Information-Theoretic Approach to Nanopore Sequencing

Project synopsis

Fast and inexpensive DNA sequencing technology is beginning to impact society through applications ranging from personalized medicine to understanding of ecological systems enabled by second generation sequencers. Wider applicability of second-generation sequencing technology is limited, however, by the short length of the DNA fragments that can be read. Nanopore sequencing has the potential to overcome several shortcomings of state-of-the art short-read sequencing.

The goal of this project is to create new foundational theory and algorithms enabling several applications of nanopore sequencing. This research will support nanopore technology to become a leading next-generation sequencing approach. This project also contains a unique inter-university education and research program, which will include joint and collaborative student advising and curricular development.
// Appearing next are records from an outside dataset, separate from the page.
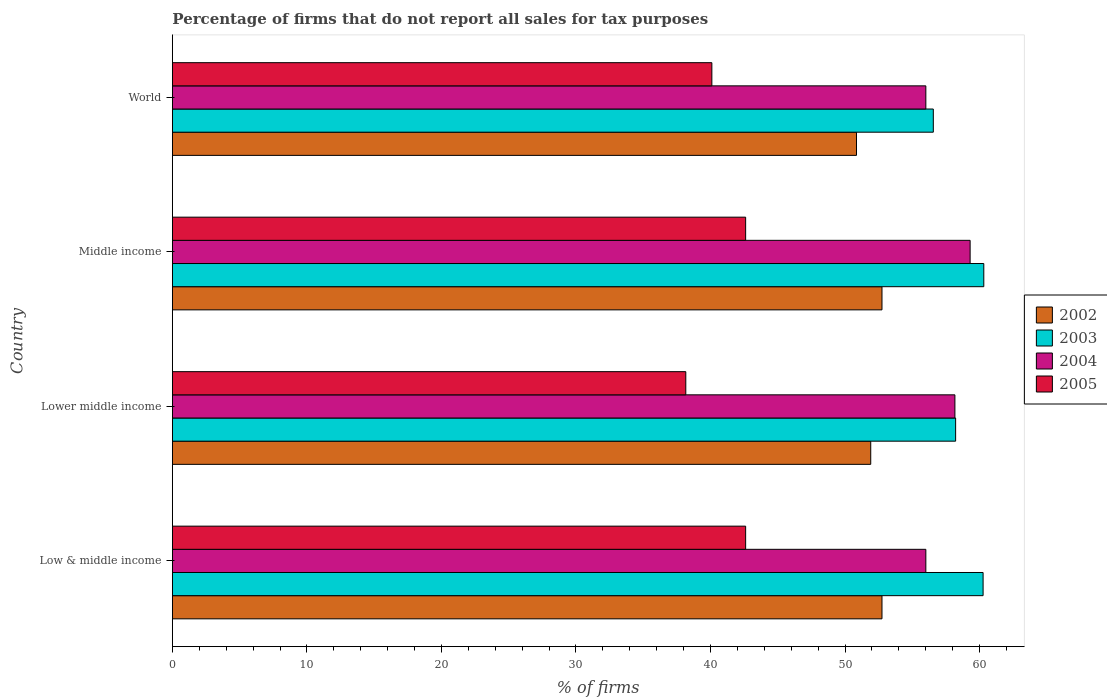How many different coloured bars are there?
Give a very brief answer. 4. How many groups of bars are there?
Offer a very short reply. 4. How many bars are there on the 3rd tick from the top?
Give a very brief answer. 4. What is the label of the 1st group of bars from the top?
Your response must be concise. World. What is the percentage of firms that do not report all sales for tax purposes in 2002 in World?
Provide a succinct answer. 50.85. Across all countries, what is the maximum percentage of firms that do not report all sales for tax purposes in 2005?
Offer a very short reply. 42.61. Across all countries, what is the minimum percentage of firms that do not report all sales for tax purposes in 2004?
Provide a short and direct response. 56.01. In which country was the percentage of firms that do not report all sales for tax purposes in 2003 minimum?
Give a very brief answer. World. What is the total percentage of firms that do not report all sales for tax purposes in 2002 in the graph?
Your answer should be compact. 208.25. What is the difference between the percentage of firms that do not report all sales for tax purposes in 2003 in Low & middle income and that in World?
Provide a succinct answer. 3.7. What is the difference between the percentage of firms that do not report all sales for tax purposes in 2004 in Lower middle income and the percentage of firms that do not report all sales for tax purposes in 2002 in Middle income?
Ensure brevity in your answer.  5.42. What is the average percentage of firms that do not report all sales for tax purposes in 2005 per country?
Your response must be concise. 40.87. What is the difference between the percentage of firms that do not report all sales for tax purposes in 2005 and percentage of firms that do not report all sales for tax purposes in 2004 in Middle income?
Offer a terse response. -16.69. In how many countries, is the percentage of firms that do not report all sales for tax purposes in 2004 greater than 32 %?
Your answer should be very brief. 4. What is the ratio of the percentage of firms that do not report all sales for tax purposes in 2004 in Low & middle income to that in Lower middle income?
Provide a succinct answer. 0.96. Is the percentage of firms that do not report all sales for tax purposes in 2004 in Low & middle income less than that in Lower middle income?
Provide a succinct answer. Yes. What is the difference between the highest and the second highest percentage of firms that do not report all sales for tax purposes in 2003?
Your answer should be compact. 0.05. What is the difference between the highest and the lowest percentage of firms that do not report all sales for tax purposes in 2003?
Provide a succinct answer. 3.75. What does the 4th bar from the top in World represents?
Your response must be concise. 2002. How many countries are there in the graph?
Your answer should be very brief. 4. Are the values on the major ticks of X-axis written in scientific E-notation?
Keep it short and to the point. No. Does the graph contain any zero values?
Give a very brief answer. No. Where does the legend appear in the graph?
Your answer should be very brief. Center right. What is the title of the graph?
Ensure brevity in your answer.  Percentage of firms that do not report all sales for tax purposes. What is the label or title of the X-axis?
Offer a very short reply. % of firms. What is the % of firms of 2002 in Low & middle income?
Keep it short and to the point. 52.75. What is the % of firms of 2003 in Low & middle income?
Offer a terse response. 60.26. What is the % of firms of 2004 in Low & middle income?
Your response must be concise. 56.01. What is the % of firms in 2005 in Low & middle income?
Keep it short and to the point. 42.61. What is the % of firms of 2002 in Lower middle income?
Your answer should be compact. 51.91. What is the % of firms in 2003 in Lower middle income?
Provide a succinct answer. 58.22. What is the % of firms of 2004 in Lower middle income?
Your response must be concise. 58.16. What is the % of firms in 2005 in Lower middle income?
Provide a succinct answer. 38.16. What is the % of firms of 2002 in Middle income?
Your response must be concise. 52.75. What is the % of firms in 2003 in Middle income?
Make the answer very short. 60.31. What is the % of firms in 2004 in Middle income?
Make the answer very short. 59.3. What is the % of firms in 2005 in Middle income?
Offer a terse response. 42.61. What is the % of firms of 2002 in World?
Make the answer very short. 50.85. What is the % of firms of 2003 in World?
Give a very brief answer. 56.56. What is the % of firms of 2004 in World?
Keep it short and to the point. 56.01. What is the % of firms of 2005 in World?
Your response must be concise. 40.1. Across all countries, what is the maximum % of firms of 2002?
Provide a short and direct response. 52.75. Across all countries, what is the maximum % of firms in 2003?
Provide a short and direct response. 60.31. Across all countries, what is the maximum % of firms in 2004?
Provide a short and direct response. 59.3. Across all countries, what is the maximum % of firms of 2005?
Ensure brevity in your answer.  42.61. Across all countries, what is the minimum % of firms in 2002?
Make the answer very short. 50.85. Across all countries, what is the minimum % of firms in 2003?
Keep it short and to the point. 56.56. Across all countries, what is the minimum % of firms of 2004?
Keep it short and to the point. 56.01. Across all countries, what is the minimum % of firms of 2005?
Give a very brief answer. 38.16. What is the total % of firms of 2002 in the graph?
Keep it short and to the point. 208.25. What is the total % of firms of 2003 in the graph?
Provide a short and direct response. 235.35. What is the total % of firms in 2004 in the graph?
Ensure brevity in your answer.  229.47. What is the total % of firms in 2005 in the graph?
Keep it short and to the point. 163.48. What is the difference between the % of firms in 2002 in Low & middle income and that in Lower middle income?
Keep it short and to the point. 0.84. What is the difference between the % of firms of 2003 in Low & middle income and that in Lower middle income?
Give a very brief answer. 2.04. What is the difference between the % of firms in 2004 in Low & middle income and that in Lower middle income?
Make the answer very short. -2.16. What is the difference between the % of firms in 2005 in Low & middle income and that in Lower middle income?
Your answer should be very brief. 4.45. What is the difference between the % of firms in 2002 in Low & middle income and that in Middle income?
Your answer should be compact. 0. What is the difference between the % of firms in 2003 in Low & middle income and that in Middle income?
Provide a succinct answer. -0.05. What is the difference between the % of firms of 2004 in Low & middle income and that in Middle income?
Offer a terse response. -3.29. What is the difference between the % of firms in 2005 in Low & middle income and that in Middle income?
Your response must be concise. 0. What is the difference between the % of firms of 2002 in Low & middle income and that in World?
Give a very brief answer. 1.89. What is the difference between the % of firms in 2004 in Low & middle income and that in World?
Provide a short and direct response. 0. What is the difference between the % of firms in 2005 in Low & middle income and that in World?
Ensure brevity in your answer.  2.51. What is the difference between the % of firms of 2002 in Lower middle income and that in Middle income?
Ensure brevity in your answer.  -0.84. What is the difference between the % of firms in 2003 in Lower middle income and that in Middle income?
Give a very brief answer. -2.09. What is the difference between the % of firms in 2004 in Lower middle income and that in Middle income?
Provide a short and direct response. -1.13. What is the difference between the % of firms in 2005 in Lower middle income and that in Middle income?
Offer a terse response. -4.45. What is the difference between the % of firms in 2002 in Lower middle income and that in World?
Provide a short and direct response. 1.06. What is the difference between the % of firms in 2003 in Lower middle income and that in World?
Make the answer very short. 1.66. What is the difference between the % of firms in 2004 in Lower middle income and that in World?
Offer a terse response. 2.16. What is the difference between the % of firms of 2005 in Lower middle income and that in World?
Your answer should be very brief. -1.94. What is the difference between the % of firms in 2002 in Middle income and that in World?
Offer a very short reply. 1.89. What is the difference between the % of firms of 2003 in Middle income and that in World?
Your response must be concise. 3.75. What is the difference between the % of firms of 2004 in Middle income and that in World?
Provide a short and direct response. 3.29. What is the difference between the % of firms in 2005 in Middle income and that in World?
Provide a short and direct response. 2.51. What is the difference between the % of firms in 2002 in Low & middle income and the % of firms in 2003 in Lower middle income?
Offer a very short reply. -5.47. What is the difference between the % of firms of 2002 in Low & middle income and the % of firms of 2004 in Lower middle income?
Your response must be concise. -5.42. What is the difference between the % of firms in 2002 in Low & middle income and the % of firms in 2005 in Lower middle income?
Make the answer very short. 14.58. What is the difference between the % of firms of 2003 in Low & middle income and the % of firms of 2004 in Lower middle income?
Make the answer very short. 2.1. What is the difference between the % of firms in 2003 in Low & middle income and the % of firms in 2005 in Lower middle income?
Your answer should be compact. 22.1. What is the difference between the % of firms of 2004 in Low & middle income and the % of firms of 2005 in Lower middle income?
Your response must be concise. 17.84. What is the difference between the % of firms of 2002 in Low & middle income and the % of firms of 2003 in Middle income?
Offer a very short reply. -7.57. What is the difference between the % of firms of 2002 in Low & middle income and the % of firms of 2004 in Middle income?
Make the answer very short. -6.55. What is the difference between the % of firms of 2002 in Low & middle income and the % of firms of 2005 in Middle income?
Provide a short and direct response. 10.13. What is the difference between the % of firms of 2003 in Low & middle income and the % of firms of 2005 in Middle income?
Your response must be concise. 17.65. What is the difference between the % of firms in 2004 in Low & middle income and the % of firms in 2005 in Middle income?
Provide a succinct answer. 13.39. What is the difference between the % of firms of 2002 in Low & middle income and the % of firms of 2003 in World?
Your response must be concise. -3.81. What is the difference between the % of firms in 2002 in Low & middle income and the % of firms in 2004 in World?
Ensure brevity in your answer.  -3.26. What is the difference between the % of firms in 2002 in Low & middle income and the % of firms in 2005 in World?
Keep it short and to the point. 12.65. What is the difference between the % of firms in 2003 in Low & middle income and the % of firms in 2004 in World?
Give a very brief answer. 4.25. What is the difference between the % of firms in 2003 in Low & middle income and the % of firms in 2005 in World?
Ensure brevity in your answer.  20.16. What is the difference between the % of firms of 2004 in Low & middle income and the % of firms of 2005 in World?
Offer a terse response. 15.91. What is the difference between the % of firms in 2002 in Lower middle income and the % of firms in 2003 in Middle income?
Offer a terse response. -8.4. What is the difference between the % of firms in 2002 in Lower middle income and the % of firms in 2004 in Middle income?
Offer a terse response. -7.39. What is the difference between the % of firms of 2002 in Lower middle income and the % of firms of 2005 in Middle income?
Your answer should be compact. 9.3. What is the difference between the % of firms in 2003 in Lower middle income and the % of firms in 2004 in Middle income?
Offer a terse response. -1.08. What is the difference between the % of firms in 2003 in Lower middle income and the % of firms in 2005 in Middle income?
Keep it short and to the point. 15.61. What is the difference between the % of firms of 2004 in Lower middle income and the % of firms of 2005 in Middle income?
Offer a terse response. 15.55. What is the difference between the % of firms of 2002 in Lower middle income and the % of firms of 2003 in World?
Provide a short and direct response. -4.65. What is the difference between the % of firms in 2002 in Lower middle income and the % of firms in 2004 in World?
Provide a succinct answer. -4.1. What is the difference between the % of firms of 2002 in Lower middle income and the % of firms of 2005 in World?
Offer a terse response. 11.81. What is the difference between the % of firms in 2003 in Lower middle income and the % of firms in 2004 in World?
Your answer should be compact. 2.21. What is the difference between the % of firms in 2003 in Lower middle income and the % of firms in 2005 in World?
Give a very brief answer. 18.12. What is the difference between the % of firms in 2004 in Lower middle income and the % of firms in 2005 in World?
Your answer should be compact. 18.07. What is the difference between the % of firms in 2002 in Middle income and the % of firms in 2003 in World?
Make the answer very short. -3.81. What is the difference between the % of firms of 2002 in Middle income and the % of firms of 2004 in World?
Your answer should be very brief. -3.26. What is the difference between the % of firms of 2002 in Middle income and the % of firms of 2005 in World?
Your answer should be compact. 12.65. What is the difference between the % of firms in 2003 in Middle income and the % of firms in 2004 in World?
Provide a short and direct response. 4.31. What is the difference between the % of firms of 2003 in Middle income and the % of firms of 2005 in World?
Make the answer very short. 20.21. What is the difference between the % of firms in 2004 in Middle income and the % of firms in 2005 in World?
Provide a short and direct response. 19.2. What is the average % of firms in 2002 per country?
Give a very brief answer. 52.06. What is the average % of firms in 2003 per country?
Offer a terse response. 58.84. What is the average % of firms in 2004 per country?
Keep it short and to the point. 57.37. What is the average % of firms in 2005 per country?
Ensure brevity in your answer.  40.87. What is the difference between the % of firms in 2002 and % of firms in 2003 in Low & middle income?
Give a very brief answer. -7.51. What is the difference between the % of firms in 2002 and % of firms in 2004 in Low & middle income?
Provide a succinct answer. -3.26. What is the difference between the % of firms of 2002 and % of firms of 2005 in Low & middle income?
Give a very brief answer. 10.13. What is the difference between the % of firms in 2003 and % of firms in 2004 in Low & middle income?
Your answer should be very brief. 4.25. What is the difference between the % of firms of 2003 and % of firms of 2005 in Low & middle income?
Offer a terse response. 17.65. What is the difference between the % of firms of 2004 and % of firms of 2005 in Low & middle income?
Provide a short and direct response. 13.39. What is the difference between the % of firms in 2002 and % of firms in 2003 in Lower middle income?
Ensure brevity in your answer.  -6.31. What is the difference between the % of firms of 2002 and % of firms of 2004 in Lower middle income?
Your answer should be very brief. -6.26. What is the difference between the % of firms of 2002 and % of firms of 2005 in Lower middle income?
Offer a very short reply. 13.75. What is the difference between the % of firms of 2003 and % of firms of 2004 in Lower middle income?
Offer a terse response. 0.05. What is the difference between the % of firms in 2003 and % of firms in 2005 in Lower middle income?
Ensure brevity in your answer.  20.06. What is the difference between the % of firms of 2004 and % of firms of 2005 in Lower middle income?
Your answer should be compact. 20. What is the difference between the % of firms in 2002 and % of firms in 2003 in Middle income?
Provide a short and direct response. -7.57. What is the difference between the % of firms in 2002 and % of firms in 2004 in Middle income?
Make the answer very short. -6.55. What is the difference between the % of firms of 2002 and % of firms of 2005 in Middle income?
Provide a succinct answer. 10.13. What is the difference between the % of firms of 2003 and % of firms of 2004 in Middle income?
Your answer should be compact. 1.02. What is the difference between the % of firms in 2003 and % of firms in 2005 in Middle income?
Your answer should be very brief. 17.7. What is the difference between the % of firms of 2004 and % of firms of 2005 in Middle income?
Your answer should be compact. 16.69. What is the difference between the % of firms in 2002 and % of firms in 2003 in World?
Ensure brevity in your answer.  -5.71. What is the difference between the % of firms in 2002 and % of firms in 2004 in World?
Offer a very short reply. -5.15. What is the difference between the % of firms in 2002 and % of firms in 2005 in World?
Keep it short and to the point. 10.75. What is the difference between the % of firms of 2003 and % of firms of 2004 in World?
Provide a short and direct response. 0.56. What is the difference between the % of firms in 2003 and % of firms in 2005 in World?
Ensure brevity in your answer.  16.46. What is the difference between the % of firms of 2004 and % of firms of 2005 in World?
Provide a succinct answer. 15.91. What is the ratio of the % of firms in 2002 in Low & middle income to that in Lower middle income?
Provide a short and direct response. 1.02. What is the ratio of the % of firms of 2003 in Low & middle income to that in Lower middle income?
Your answer should be compact. 1.04. What is the ratio of the % of firms in 2004 in Low & middle income to that in Lower middle income?
Provide a succinct answer. 0.96. What is the ratio of the % of firms of 2005 in Low & middle income to that in Lower middle income?
Your answer should be very brief. 1.12. What is the ratio of the % of firms of 2003 in Low & middle income to that in Middle income?
Your response must be concise. 1. What is the ratio of the % of firms in 2004 in Low & middle income to that in Middle income?
Your answer should be very brief. 0.94. What is the ratio of the % of firms of 2005 in Low & middle income to that in Middle income?
Offer a very short reply. 1. What is the ratio of the % of firms of 2002 in Low & middle income to that in World?
Your response must be concise. 1.04. What is the ratio of the % of firms of 2003 in Low & middle income to that in World?
Your answer should be compact. 1.07. What is the ratio of the % of firms in 2004 in Low & middle income to that in World?
Offer a very short reply. 1. What is the ratio of the % of firms in 2005 in Low & middle income to that in World?
Your answer should be very brief. 1.06. What is the ratio of the % of firms in 2002 in Lower middle income to that in Middle income?
Ensure brevity in your answer.  0.98. What is the ratio of the % of firms in 2003 in Lower middle income to that in Middle income?
Offer a very short reply. 0.97. What is the ratio of the % of firms of 2004 in Lower middle income to that in Middle income?
Your answer should be compact. 0.98. What is the ratio of the % of firms of 2005 in Lower middle income to that in Middle income?
Your answer should be compact. 0.9. What is the ratio of the % of firms in 2002 in Lower middle income to that in World?
Your answer should be very brief. 1.02. What is the ratio of the % of firms in 2003 in Lower middle income to that in World?
Offer a terse response. 1.03. What is the ratio of the % of firms of 2004 in Lower middle income to that in World?
Offer a terse response. 1.04. What is the ratio of the % of firms in 2005 in Lower middle income to that in World?
Your answer should be very brief. 0.95. What is the ratio of the % of firms of 2002 in Middle income to that in World?
Provide a short and direct response. 1.04. What is the ratio of the % of firms in 2003 in Middle income to that in World?
Your answer should be compact. 1.07. What is the ratio of the % of firms of 2004 in Middle income to that in World?
Your response must be concise. 1.06. What is the ratio of the % of firms of 2005 in Middle income to that in World?
Your answer should be compact. 1.06. What is the difference between the highest and the second highest % of firms of 2002?
Your response must be concise. 0. What is the difference between the highest and the second highest % of firms in 2003?
Provide a short and direct response. 0.05. What is the difference between the highest and the second highest % of firms in 2004?
Provide a succinct answer. 1.13. What is the difference between the highest and the lowest % of firms of 2002?
Provide a short and direct response. 1.89. What is the difference between the highest and the lowest % of firms of 2003?
Your answer should be compact. 3.75. What is the difference between the highest and the lowest % of firms in 2004?
Provide a short and direct response. 3.29. What is the difference between the highest and the lowest % of firms in 2005?
Ensure brevity in your answer.  4.45.

To realize the advantages of nanopore sequencing, methods for reducing and combating sequencing errors need to be developed. In a nanopore sequencer, DNA is transmigrated through a nanopore, and the ion current variations through the pore are measured to infer the DNA sequence. The mapping from the DNA sequence to the observed current trace, has several impairments (causing errors) including multiple nucleotides affecting each observation, random variations in nanopore response, dwelling time variations, synchronization errors, and noise. This project develops a holistic approach using tools from information theory and bio-informatics based on multiple interacting thrusts:

  1.  Developing mathematical models,
  2.  Information theory for nanopore sequencing,
  3. Decoding algorithms exploiting the structure of the nanopore channel, and
  4.  The theory and methodology for applications in DNA forensics, DNA phasing and DNA information storage. We couple this with an existing experimental nanopore sequencing research program, guiding models and the theory/algorithms with specific data as well as validating these ideas.